Yoga – das beste Mittel gegen Stress!
Für Leute, die ständig unter Anspannung stehen, ist Yoga ideal. Doch Adrenalin-Junkies können die Ruhe beim Yoga meist nur schwer aushalten. Warum sie trotzdem dabei bleiben sollten und warum Yoga besser gegen Stress hilft als Joggen, lesen Sie hier.
Wenn Sie morgens Ärger mit ihrem Sohn Roman, 5, hat, spürt Doris, 36, wie sie verspannt und wie sich diese innerliche Anspannung im Rücken bemerkbar macht. Besonders dann, wenn Roman auch nach dem dritten Versuch noch nicht aufstehen will und sie pünktlich ins Büro muss.

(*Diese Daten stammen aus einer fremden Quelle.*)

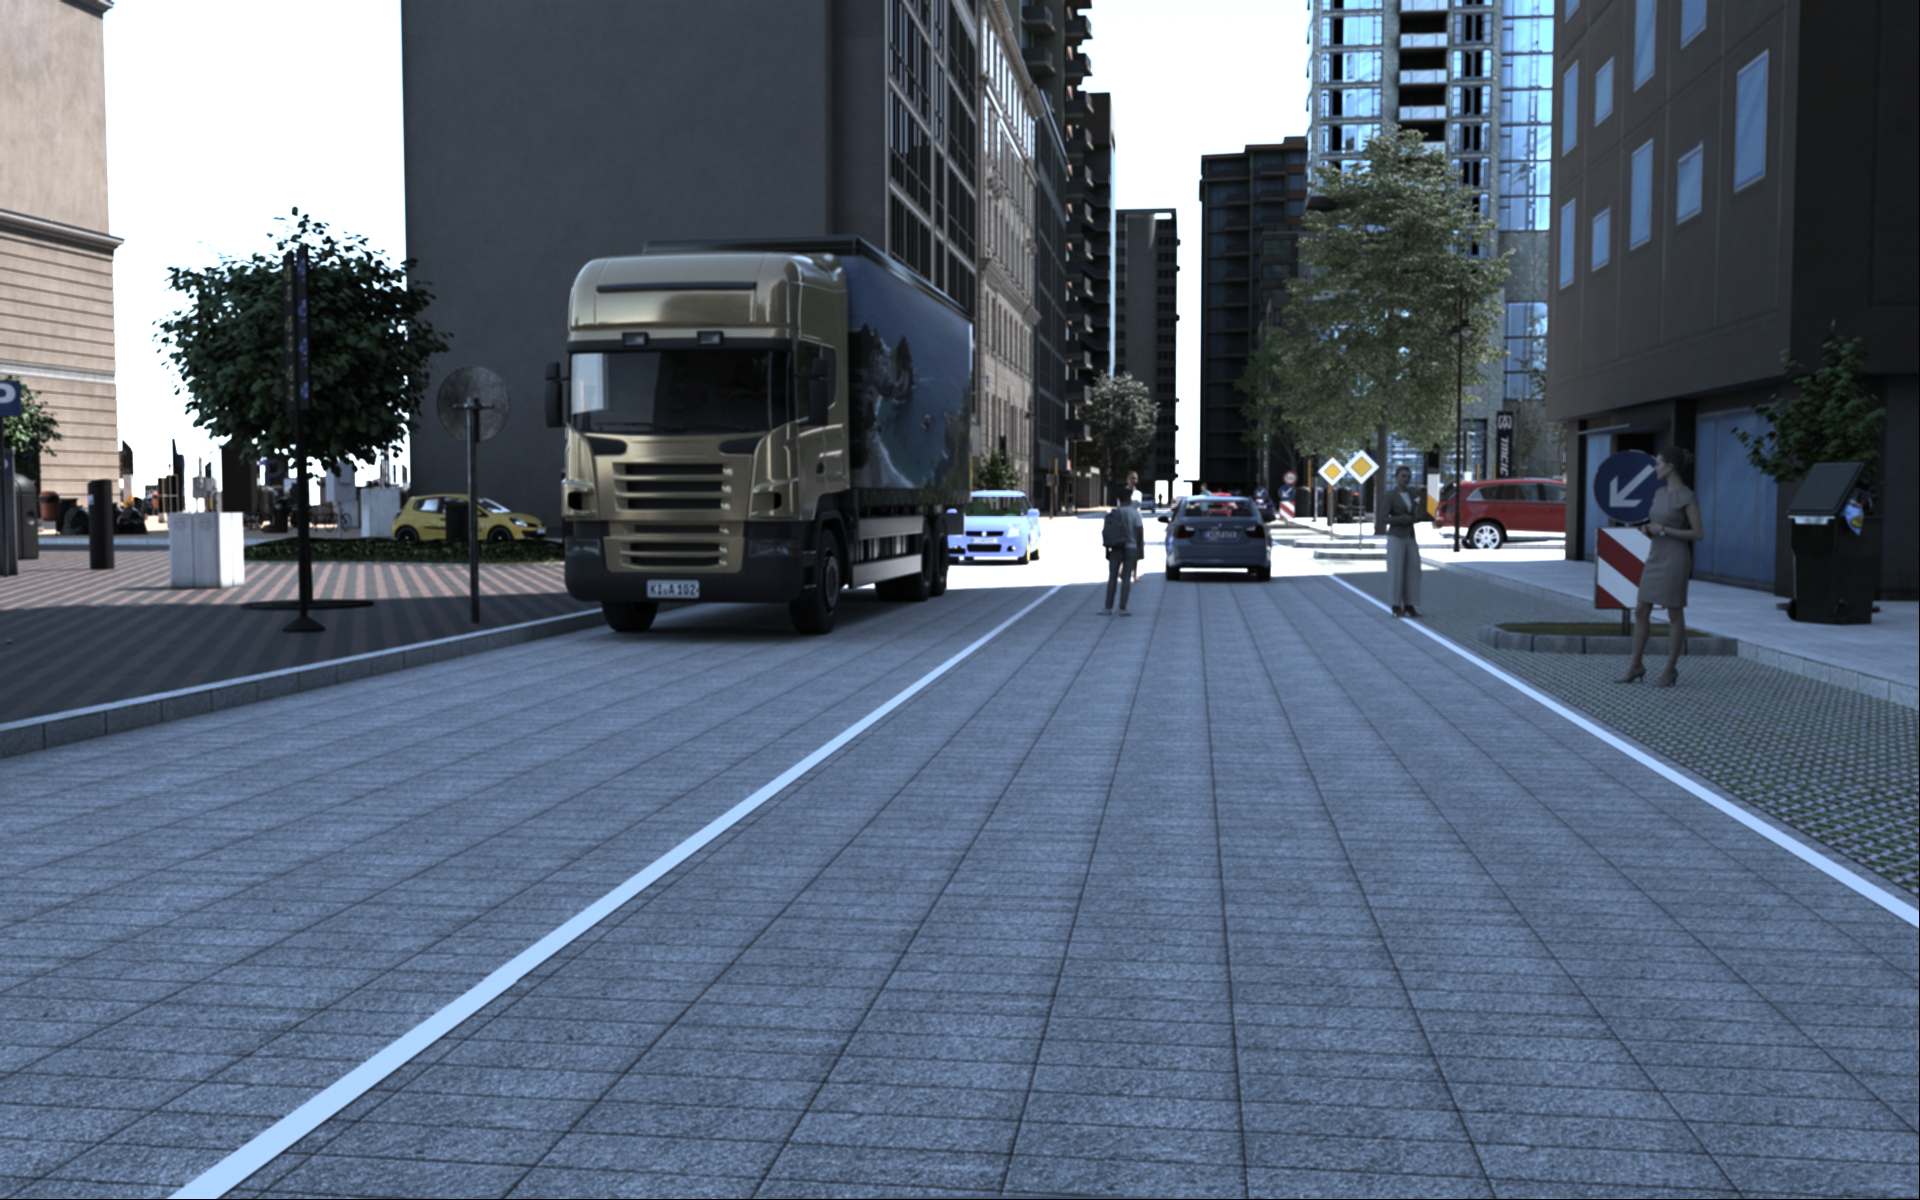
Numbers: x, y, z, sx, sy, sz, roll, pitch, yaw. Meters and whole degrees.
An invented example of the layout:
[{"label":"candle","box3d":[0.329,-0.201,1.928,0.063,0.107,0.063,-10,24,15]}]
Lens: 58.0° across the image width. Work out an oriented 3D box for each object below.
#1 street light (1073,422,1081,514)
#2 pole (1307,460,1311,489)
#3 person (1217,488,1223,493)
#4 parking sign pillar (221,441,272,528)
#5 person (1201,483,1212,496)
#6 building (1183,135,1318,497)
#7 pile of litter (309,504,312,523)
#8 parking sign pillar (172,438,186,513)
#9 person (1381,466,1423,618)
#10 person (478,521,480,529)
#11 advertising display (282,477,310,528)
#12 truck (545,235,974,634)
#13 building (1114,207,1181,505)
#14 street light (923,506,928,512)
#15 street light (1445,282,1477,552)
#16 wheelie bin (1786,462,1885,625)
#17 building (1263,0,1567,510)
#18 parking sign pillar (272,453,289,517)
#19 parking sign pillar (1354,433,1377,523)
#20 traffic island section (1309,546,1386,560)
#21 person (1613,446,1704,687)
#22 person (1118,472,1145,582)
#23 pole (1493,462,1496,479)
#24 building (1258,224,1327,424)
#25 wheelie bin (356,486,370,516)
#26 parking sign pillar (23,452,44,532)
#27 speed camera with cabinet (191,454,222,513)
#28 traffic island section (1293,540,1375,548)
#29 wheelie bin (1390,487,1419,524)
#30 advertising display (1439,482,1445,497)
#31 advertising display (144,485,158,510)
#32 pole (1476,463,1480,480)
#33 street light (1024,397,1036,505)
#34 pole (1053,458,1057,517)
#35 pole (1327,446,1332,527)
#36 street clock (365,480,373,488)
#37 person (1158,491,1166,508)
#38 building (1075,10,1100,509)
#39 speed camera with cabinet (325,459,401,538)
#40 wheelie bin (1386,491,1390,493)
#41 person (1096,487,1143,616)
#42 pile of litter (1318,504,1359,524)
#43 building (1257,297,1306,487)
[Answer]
[{"label":"street light","box3d":[7.512,-8.506,111.856,0.468,5.910,1.993,0,4,8]},{"label":"pole","box3d":[20.697,-6.657,102.681,0.158,3.312,0.155,0,3,0]},{"label":"person","box3d":[17.133,-6.486,114.458,0.656,1.842,0.836,-1,4,-14]},{"label":"parking sign pillar","box3d":[-27.555,-4.756,66.225,1.447,3.967,1.447,1,4,13]},{"label":"person","box3d":[8.844,-3.260,61.826,0.620,1.820,0.660,-2,4,-35]},{"label":"building","box3d":[42.296,-34.233,214.326,28.867,44.769,22.147,0,4,8]},{"label":"pile of litter","box3d":[-29.254,-3.941,78.401,1.719,0.858,1.176,2,4,28]},{"label":"parking sign pillar","box3d":[-37.829,-5.836,83.887,1.447,3.967,1.447,-1,4,-18]},{"label":"person","box3d":[5.133,-0.671,20.026,0.519,1.759,0.362,-2,4,-28]},{"label":"person","box3d":[-12.393,-1.853,43.817,0.505,1.210,0.382,-1,4,-16]},{"label":"advertising display","box3d":[-25.273,-3.716,65.970,0.974,1.923,0.123,-1,4,-9]},{"label":"truck","box3d":[-1.912,-1.976,21.214,2.839,4.237,11.283,1,4,9]},{"label":"building","box3d":[16.192,-32.456,222.538,23.993,40.220,32.217,0,4,8]},{"label":"street light","box3d":[-0.978,-4.634,48.560,0.468,5.910,1.993,0,4,8]},{"label":"street light","box3d":[10.947,-3.988,37.990,0.468,5.910,1.993,0,4,8]},{"label":"wheelie bin","box3d":[8.718,-0.573,17.277,0.693,1.594,0.980,-1,4,-18]},{"label":"building","box3d":[35.774,-50.200,133.448,22.319,86.520,31.000,0,4,8]},{"label":"parking sign pillar","box3d":[-38.175,-6.624,96.781,1.447,3.967,1.447,0,4,7]},{"label":"parking sign pillar","box3d":[18.114,-5.381,76.448,1.447,3.967,1.447,1,4,11]},{"label":"traffic island section","box3d":[8.993,-1.012,38.821,2.009,0.180,2.903,0,4,8]},{"label":"person","box3d":[5.168,-0.242,12.790,0.374,1.781,0.599,-1,4,-17]},{"label":"person","box3d":[2.791,-1.214,28.579,0.478,1.798,0.641,-1,4,-10]},{"label":"pole","box3d":[34.292,-7.170,111.079,0.158,3.312,0.155,0,3,0]},{"label":"building","box3d":[39.230,-25.371,186.509,14.160,30.474,14.107,0,4,8]},{"label":"wheelie bin","box3d":[-23.157,-3.619,67.084,0.693,1.594,0.980,2,4,32]},{"label":"parking sign pillar","box3d":[-31.489,-4.246,57.890,1.447,3.967,1.447,-2,4,-33]},{"label":"speed camera with cabinet","box3d":[-37.221,-5.633,86.428,2.038,3.252,0.660,-2,4,-30]},{"label":"traffic island section","box3d":[10.048,-1.496,46.736,2.009,0.180,2.903,0,4,8]},{"label":"wheelie bin","box3d":[19.256,-4.077,74.574,0.980,1.594,0.693,-1,4,-16]},{"label":"advertising display","box3d":[26.280,-5.537,95.742,0.974,1.923,0.123,1,4,15]},{"label":"advertising display","box3d":[-54.800,-6.864,117.434,0.974,1.923,0.123,0,4,8]},{"label":"pole","box3d":[34.383,-7.413,115.051,0.158,3.312,0.155,0,3,0]},{"label":"street light","box3d":[3.265,-6.614,80.934,0.468,5.910,1.993,0,4,8]},{"label":"pole","box3d":[5.428,-6.400,98.482,0.158,3.312,0.155,0,3,0]},{"label":"pole","box3d":[14.592,-4.552,68.266,0.158,3.312,0.155,0,3,0]},{"label":"street clock","box3d":[-30.250,-5.143,88.651,0.358,2.002,0.471,-3,5,-39]},{"label":"person","box3d":[20.824,-10.372,178.610,0.750,1.759,0.617,-1,4,-17]},{"label":"building","box3d":[2.814,-44.321,162.892,20.563,71.187,20.611,0,4,8]},{"label":"speed camera with cabinet","box3d":[-17.300,-3.416,50.194,0.660,3.252,2.038,3,5,44]},{"label":"wheelie bin","box3d":[27.695,-6.326,111.332,0.693,1.594,0.980,1,4,22]},{"label":"person","box3d":[1.878,-0.571,20.424,0.503,1.515,0.523,-1,4,-19]},{"label":"pile of litter","box3d":[16.332,-3.715,74.699,1.719,0.858,1.176,1,4,21]},{"label":"building","box3d":[42.846,-19.548,164.650,27.650,21.520,28.899,0,4,8]}]
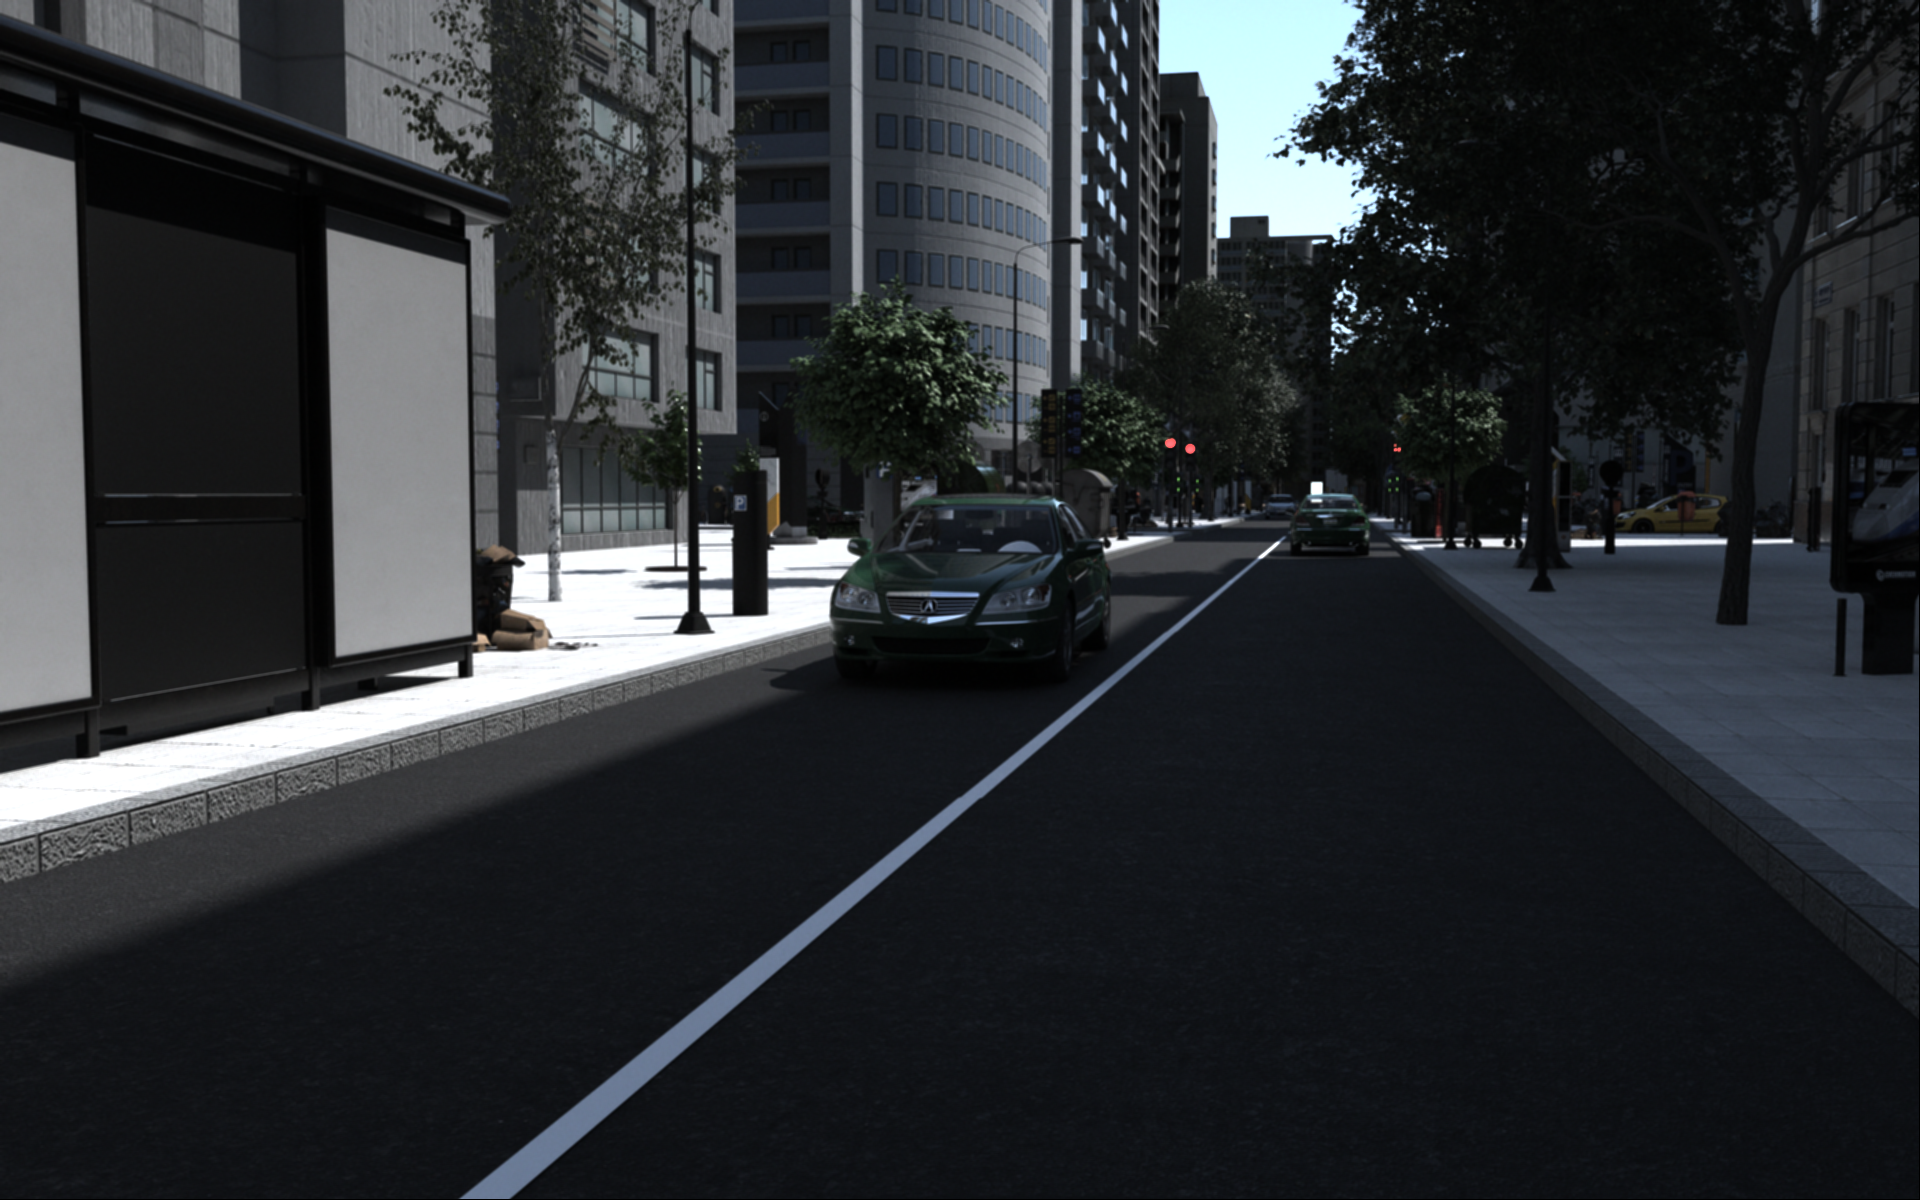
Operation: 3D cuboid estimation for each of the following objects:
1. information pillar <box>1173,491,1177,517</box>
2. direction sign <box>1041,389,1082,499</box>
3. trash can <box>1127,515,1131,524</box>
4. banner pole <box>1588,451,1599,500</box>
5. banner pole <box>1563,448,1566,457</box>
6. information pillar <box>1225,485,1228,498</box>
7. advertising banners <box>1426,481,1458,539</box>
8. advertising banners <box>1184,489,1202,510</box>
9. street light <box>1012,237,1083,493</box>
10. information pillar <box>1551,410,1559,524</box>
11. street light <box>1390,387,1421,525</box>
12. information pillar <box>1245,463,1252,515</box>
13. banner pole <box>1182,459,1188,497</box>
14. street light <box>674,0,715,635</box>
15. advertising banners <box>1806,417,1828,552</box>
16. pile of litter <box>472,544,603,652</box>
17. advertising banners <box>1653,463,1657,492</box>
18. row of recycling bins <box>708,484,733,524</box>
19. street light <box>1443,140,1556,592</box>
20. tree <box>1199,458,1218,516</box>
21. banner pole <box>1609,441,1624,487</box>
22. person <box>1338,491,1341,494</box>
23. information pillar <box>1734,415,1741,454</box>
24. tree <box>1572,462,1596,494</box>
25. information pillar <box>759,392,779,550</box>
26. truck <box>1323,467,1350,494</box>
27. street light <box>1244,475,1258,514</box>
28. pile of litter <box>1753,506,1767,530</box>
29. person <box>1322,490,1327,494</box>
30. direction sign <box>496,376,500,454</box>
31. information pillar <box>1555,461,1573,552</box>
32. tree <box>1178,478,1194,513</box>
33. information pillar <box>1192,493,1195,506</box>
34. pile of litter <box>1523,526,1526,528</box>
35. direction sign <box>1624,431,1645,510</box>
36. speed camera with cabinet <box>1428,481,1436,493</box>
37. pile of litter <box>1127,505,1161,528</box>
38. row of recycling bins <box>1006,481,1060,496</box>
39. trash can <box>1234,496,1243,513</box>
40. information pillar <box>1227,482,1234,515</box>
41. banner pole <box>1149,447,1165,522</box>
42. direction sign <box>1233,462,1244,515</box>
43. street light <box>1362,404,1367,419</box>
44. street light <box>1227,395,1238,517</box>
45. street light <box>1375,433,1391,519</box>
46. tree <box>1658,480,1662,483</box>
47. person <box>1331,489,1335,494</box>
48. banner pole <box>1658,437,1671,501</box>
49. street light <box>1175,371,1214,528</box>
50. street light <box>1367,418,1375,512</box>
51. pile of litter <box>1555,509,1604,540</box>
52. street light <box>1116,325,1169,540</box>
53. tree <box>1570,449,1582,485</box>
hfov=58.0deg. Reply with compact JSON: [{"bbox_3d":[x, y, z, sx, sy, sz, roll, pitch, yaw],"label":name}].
[{"bbox_3d":[12.157,-5.745,98.416,0.304,2.012,0.304,-1,4,-18],"label":"information pillar"},{"bbox_3d":[2.184,-2.775,37.365,0.876,3.537,0.379,1,4,10],"label":"direction sign"},{"bbox_3d":[6.680,-3.614,70.737,0.748,1.137,0.748,0,3,0],"label":"trash can"},{"bbox_3d":[36.924,-6.785,100.951,0.401,3.779,0.863,-2,4,-33],"label":"banner pole"},{"bbox_3d":[32.538,-6.325,93.438,0.401,3.779,0.863,2,4,26],"label":"banner pole"},{"bbox_3d":[17.012,-7.253,109.940,0.504,3.616,0.183,3,4,38],"label":"information pillar"},{"bbox_3d":[13.778,-3.276,49.746,0.090,3.025,2.074,3,5,44],"label":"advertising banners"},{"bbox_3d":[18.806,-8.708,138.557,2.074,3.025,0.090,-1,4,-21],"label":"advertising banners"},{"bbox_3d":[1.535,-3.609,31.543,1.470,5.913,1.316,1,4,12],"label":"street light"},{"bbox_3d":[14.684,-3.169,43.160,0.504,3.616,0.183,-2,4,-26],"label":"information pillar"},{"bbox_3d":[10.792,-4.120,39.899,1.470,5.913,1.316,1,4,12],"label":"street light"},{"bbox_3d":[17.851,-7.087,107.231,0.504,3.616,0.183,-3,5,-41],"label":"information pillar"},{"bbox_3d":[14.265,-7.304,109.438,0.863,3.779,0.401,-1,4,-22],"label":"banner pole"},{"bbox_3d":[-1.923,-2.638,15.670,1.470,5.913,1.316,1,4,12],"label":"street light"},{"bbox_3d":[19.377,-2.625,39.109,0.090,3.025,2.074,2,4,35],"label":"advertising banners"},{"bbox_3d":[-3.926,-0.027,14.400,1.719,0.858,1.176,1,4,10],"label":"pile of litter"},{"bbox_3d":[38.918,-6.156,96.832,0.090,3.025,2.074,2,4,32],"label":"advertising banners"},{"bbox_3d":[-9.059,-4.045,73.256,3.534,1.692,1.069,1,4,20],"label":"row of recycling bins"},{"bbox_3d":[7.162,-3.075,22.824,1.470,5.913,1.316,1,4,12],"label":"street light"},{"bbox_3d":[5.104,-4.304,54.084,4.285,4.588,4.351,0,3,0],"label":"tree"},{"bbox_3d":[30.132,-5.488,79.750,0.863,3.779,0.401,3,5,43],"label":"banner pole"},{"bbox_3d":[32.450,-8.473,147.772,1.217,1.736,0.721,-3,5,-44],"label":"person"},{"bbox_3d":[21.130,-3.397,46.901,0.504,3.616,0.183,-2,4,-31],"label":"information pillar"},{"bbox_3d":[37.445,-6.739,104.776,1.663,3.219,1.824,0,3,0],"label":"tree"},{"bbox_3d":[-4.393,-2.961,39.763,0.504,3.616,0.183,2,4,24],"label":"information pillar"},{"bbox_3d":[40.268,-12.010,185.284,2.839,4.237,11.283,1,4,12],"label":"truck"},{"bbox_3d":[15.752,-7.619,97.110,1.470,5.913,1.316,1,4,12],"label":"street light"},{"bbox_3d":[30.515,-3.132,65.174,1.176,0.858,1.719,1,4,13],"label":"pile of litter"},{"bbox_3d":[33.779,-9.277,160.039,0.709,1.838,0.599,3,5,40],"label":"person"},{"bbox_3d":[-9.068,-2.510,33.034,0.379,3.537,0.876,2,4,26],"label":"direction sign"},{"bbox_3d":[13.317,-2.062,38.206,0.304,2.012,0.304,1,4,13],"label":"information pillar"},{"bbox_3d":[15.491,-7.617,119.134,1.663,3.219,1.824,0,3,0],"label":"tree"},{"bbox_3d":[17.284,-8.436,129.290,0.504,3.616,0.183,1,4,14],"label":"information pillar"},{"bbox_3d":[22.296,-3.187,66.078,1.719,0.858,1.176,2,4,30],"label":"pile of litter"},{"bbox_3d":[24.183,-4.293,62.188,0.876,3.537,0.379,-1,4,-21],"label":"direction sign"},{"bbox_3d":[20.296,-4.905,74.526,0.660,3.252,2.038,0,4,5],"label":"speed camera with cabinet"},{"bbox_3d":[6.964,-3.152,65.500,1.719,0.858,1.176,3,4,38],"label":"pile of litter"},{"bbox_3d":[2.548,-3.049,56.958,1.069,1.692,3.534,2,4,27],"label":"row of recycling bins"},{"bbox_3d":[18.892,-6.507,118.039,0.748,1.137,0.748,0,3,0],"label":"trash can"},{"bbox_3d":[16.549,-6.204,105.925,0.304,2.012,0.304,2,4,24],"label":"information pillar"},{"bbox_3d":[9.208,-5.533,80.483,0.863,3.779,0.401,2,4,26],"label":"banner pole"},{"bbox_3d":[16.838,-6.891,104.668,0.379,3.537,0.876,-3,4,-37],"label":"direction sign"},{"bbox_3d":[21.444,-7.100,88.620,1.470,5.913,1.316,1,4,12],"label":"street light"},{"bbox_3d":[12.351,-6.647,81.223,1.470,5.913,1.316,1,4,12],"label":"street light"},{"bbox_3d":[14.280,-5.098,55.900,1.470,5.913,1.316,1,4,12],"label":"street light"},{"bbox_3d":[43.566,-6.759,105.114,1.663,3.219,1.824,0,3,0],"label":"tree"},{"bbox_3d":[22.660,-5.866,105.159,0.760,1.731,0.466,-2,4,-28],"label":"person"},{"bbox_3d":[29.984,-5.125,73.808,0.863,3.779,0.401,-2,4,-26],"label":"banner pole"},{"bbox_3d":[8.855,-5.676,65.337,1.470,5.913,1.316,1,4,12],"label":"street light"},{"bbox_3d":[17.930,-6.130,72.759,1.470,5.913,1.316,1,4,12],"label":"street light"},{"bbox_3d":[17.765,-2.160,49.286,1.176,0.858,1.719,2,4,32],"label":"pile of litter"},{"bbox_3d":[5.058,-4.611,47.924,1.470,5.913,1.316,1,4,12],"label":"street light"},{"bbox_3d":[34.159,-7.118,100.101,4.285,4.588,4.351,0,3,0],"label":"tree"}]

Einen Bandscheibenvorfall hat die Bankkauffrau und zweifache Mutter schon hinter sich. Sie meldet sich zum Yogakurs an, um ihren Rücken zu stärken und vom Alltagsstress runterzukommen. Drei oder vier Mal macht sie mit. Dann fährt sie in den Urlaub, unterbricht den Kurs – und geht danach nie wieder hin. Dabei ist sie überzeugt, dass ihr Yoga gut tun würde. Auch mit dem Lehrer ist sie zufrieden. Trotzdem: „Sport hat für mich was mit Schwitzen zu tun“, sagt sie. Beim Yoga fehlt ihr die Anstrengung.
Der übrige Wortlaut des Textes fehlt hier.